Burmese Baptist Church Holds Fundraiser

(Photo by Kinue Imai Weinstein for Voices of NY)

(Photo by Kinue Imai Weinstein for Voices of NY)

Several hundred members of the Myanmar Baptist Church in Glendale, New York, attended the 20th annual fundraising party at the Sunnyside Community Hall in Sunnyside, New York, on Saturday, Aug. 8. The Baptist Church, established at the current location in 1995, has a membership of approximately 500.

While the majority of Burmese – 89 percent out of a total population of 56 million – are Theravada Buddhists, other religions coexist in the country. Christians account for 4 percent of the population (Baptists 3 percent and Catholics 1 percent) while Muslims account for 4 percent, animists account for 1 percent, and the remainder belong to other religions. Each religion sends representatives to the Burmese parliament, explained Rev. U Myo Maw, the church pastor. He was sent here from Myanmar (formerly Burma) by his denomination in 2001 to lead the congregation. “Baptist churches were established in Myanmar since 1813 during the days of British colonization,” the pastor added.

Re. U Myo Maw (Photo by Kinue Imai Weinstein for Voices of NY)

Rev. U Myo Maw (Photo by Kinue Imai Weinstein for Voices of NY)

According to the pastor, animist Burmese ethnic groups, such as those in the Karen and Chin states, are the ones who became Christians during the past two centuries. “When missionaries approached them, if the leader agreed to convert, the rest of the village members converted to Christianity,” Rev. U Myo Maw said. While Burmese national law prohibits the construction of churches, in reality, it has been up to local authorities whether to allow churches to be built. “How Christian minorities are treated by the government, depends on each local authority,” explains the pastor. “But there is no big problem for us today,” he says.

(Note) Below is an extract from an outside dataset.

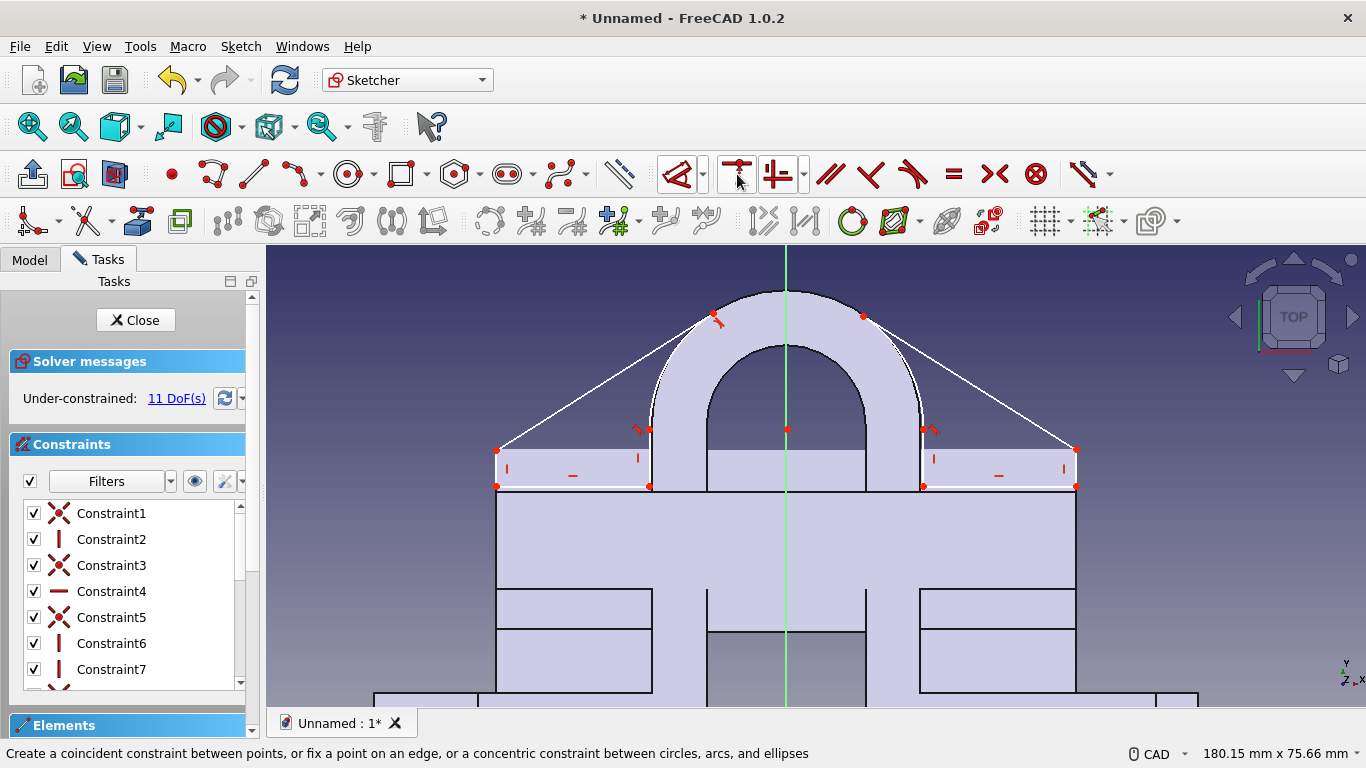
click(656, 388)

While some congregation members came to the U.S. as refugees and were unable to return to their homeland, Rev. U Myo Maw notes that the current Burmese government has eased travel restrictions and many of his congregation members are now able to visit Myanmar. While he acknowledges that the political situation in Myanmar is showing some signs of improvement, it is too early to draw any conclusions, he believes.

Raising money for flood victims (Photo by Kinue Imai Weinstein for Voices of NY)

Raising money for flood victims (Photo by Kinue Imai Weinstein for Voices of NY)

In addition to members of the church, Buddhists and Muslims came to support the event. Nearly 20 food stands all sold the same Burmese food that can be seen at other festive occasions run by Burmese Buddhists. “We are all Burmese and help each other,” says Ma Sandar, who helps out at many other Burmese events by preparing food for sale. This time she contributed Shan Style Tofu Salad. She indicated that everyone is Burmese first with religious affiliation coming second, a sentiment voiced by other attendees. “My family is third-generation Muslim and has lived in Yangon (the capital of the country),” she said.

The fundraising was successful and at the end of the day, the event raised approximately $12,000, according to Rev. U Myo Maw, which will go toward covering church expenses. There was a separate donation box to assist victims of the recent flood in Chin and Rakhine states, and at another table, representatives of the NYU Center for the Study of Asian American Health were on hand to ask attendees to take part in a health survey.